Provided material
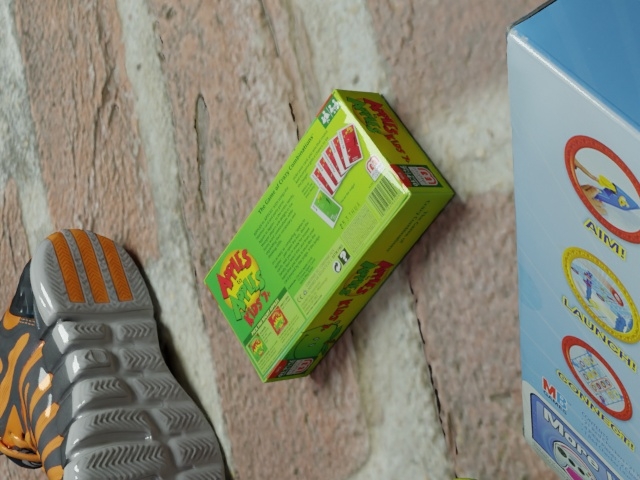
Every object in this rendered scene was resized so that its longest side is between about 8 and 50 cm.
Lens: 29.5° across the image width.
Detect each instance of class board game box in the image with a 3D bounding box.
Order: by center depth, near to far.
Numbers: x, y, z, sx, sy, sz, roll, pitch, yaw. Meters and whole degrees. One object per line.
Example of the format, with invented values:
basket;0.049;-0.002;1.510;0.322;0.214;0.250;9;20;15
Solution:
board game box;0.201;0.087;0.440;0.308;0.086;0.302;48;164;33
board game box;0.000;0.000;0.794;0.181;0.043;0.092;-53;56;32

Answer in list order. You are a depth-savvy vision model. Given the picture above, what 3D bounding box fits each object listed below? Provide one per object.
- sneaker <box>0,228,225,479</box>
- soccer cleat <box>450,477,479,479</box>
sneaker;-0.179;0.165;0.947;0.180;0.124;0.321;-48;48;40
soccer cleat;0.143;0.212;0.599;0.121;0.093;0.289;-57;35;21

Description of the task
Look for the word "depth" in the data, then return every line that contains it.

Exercise answer
Order: by center depth, near to far.
Answer in list order. You are a depth-savvy vision model. Given the picture above, what 3D bounding box fits each object listed below? Provide one per object.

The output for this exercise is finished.